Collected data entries

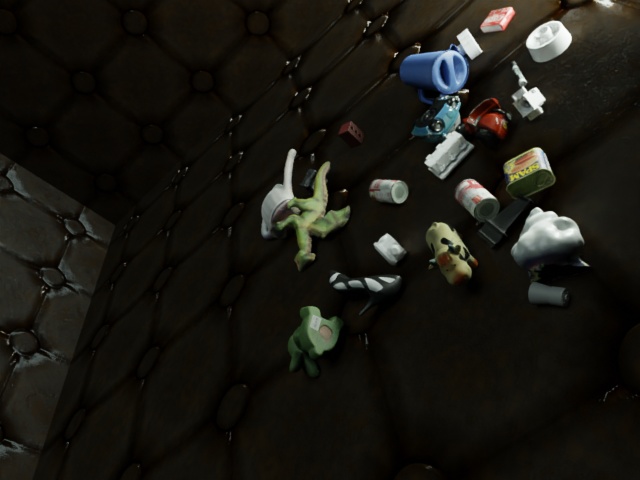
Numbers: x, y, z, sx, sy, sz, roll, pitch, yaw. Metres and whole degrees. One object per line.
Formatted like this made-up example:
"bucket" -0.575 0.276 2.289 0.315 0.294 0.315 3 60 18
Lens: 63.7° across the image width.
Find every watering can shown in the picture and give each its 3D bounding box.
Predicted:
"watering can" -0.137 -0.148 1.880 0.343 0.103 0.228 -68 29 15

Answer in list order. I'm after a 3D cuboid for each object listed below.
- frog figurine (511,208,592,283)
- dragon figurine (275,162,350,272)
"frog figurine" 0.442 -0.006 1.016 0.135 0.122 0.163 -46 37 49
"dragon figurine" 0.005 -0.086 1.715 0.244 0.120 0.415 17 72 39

==

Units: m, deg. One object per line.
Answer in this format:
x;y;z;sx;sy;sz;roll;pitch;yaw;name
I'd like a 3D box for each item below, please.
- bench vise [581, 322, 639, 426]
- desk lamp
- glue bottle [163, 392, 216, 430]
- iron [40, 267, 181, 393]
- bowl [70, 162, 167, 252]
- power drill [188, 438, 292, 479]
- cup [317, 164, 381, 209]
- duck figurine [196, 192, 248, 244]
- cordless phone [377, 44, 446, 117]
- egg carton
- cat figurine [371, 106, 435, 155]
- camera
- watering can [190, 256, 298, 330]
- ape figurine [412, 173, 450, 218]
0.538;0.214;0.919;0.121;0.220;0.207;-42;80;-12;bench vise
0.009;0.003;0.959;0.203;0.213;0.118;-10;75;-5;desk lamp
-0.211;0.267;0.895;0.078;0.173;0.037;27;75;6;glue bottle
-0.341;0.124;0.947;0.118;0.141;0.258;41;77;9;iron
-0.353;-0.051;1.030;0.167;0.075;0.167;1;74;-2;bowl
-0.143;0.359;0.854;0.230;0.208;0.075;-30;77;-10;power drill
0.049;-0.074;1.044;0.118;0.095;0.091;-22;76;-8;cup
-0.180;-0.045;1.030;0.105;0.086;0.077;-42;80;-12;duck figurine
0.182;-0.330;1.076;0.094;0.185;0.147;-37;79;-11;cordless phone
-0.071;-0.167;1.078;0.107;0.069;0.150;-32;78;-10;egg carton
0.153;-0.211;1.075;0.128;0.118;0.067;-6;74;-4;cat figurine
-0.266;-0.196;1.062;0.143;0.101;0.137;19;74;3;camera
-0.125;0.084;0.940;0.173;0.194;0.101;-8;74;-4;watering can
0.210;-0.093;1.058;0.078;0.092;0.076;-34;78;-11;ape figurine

==

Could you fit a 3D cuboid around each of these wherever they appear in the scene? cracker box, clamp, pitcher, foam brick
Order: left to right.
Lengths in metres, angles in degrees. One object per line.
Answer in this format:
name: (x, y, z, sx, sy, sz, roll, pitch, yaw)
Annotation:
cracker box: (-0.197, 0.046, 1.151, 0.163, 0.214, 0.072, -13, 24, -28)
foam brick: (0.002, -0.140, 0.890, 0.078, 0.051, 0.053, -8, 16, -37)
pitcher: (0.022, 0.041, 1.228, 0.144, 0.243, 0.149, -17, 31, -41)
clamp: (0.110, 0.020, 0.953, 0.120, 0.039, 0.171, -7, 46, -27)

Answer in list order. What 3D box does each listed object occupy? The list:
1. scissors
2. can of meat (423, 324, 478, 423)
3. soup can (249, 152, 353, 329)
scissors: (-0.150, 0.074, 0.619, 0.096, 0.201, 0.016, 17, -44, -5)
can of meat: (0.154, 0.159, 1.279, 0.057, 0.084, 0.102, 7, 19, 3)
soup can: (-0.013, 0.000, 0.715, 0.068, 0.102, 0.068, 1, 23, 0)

▶ _The problem_
All lines holding the word "list" must be copied from the data.

▶ _Task result_
Answer in list order. I'm after a 3D cuboid for each object listed below.
Answer in list order. What 3D box does each listed object occupy? The list:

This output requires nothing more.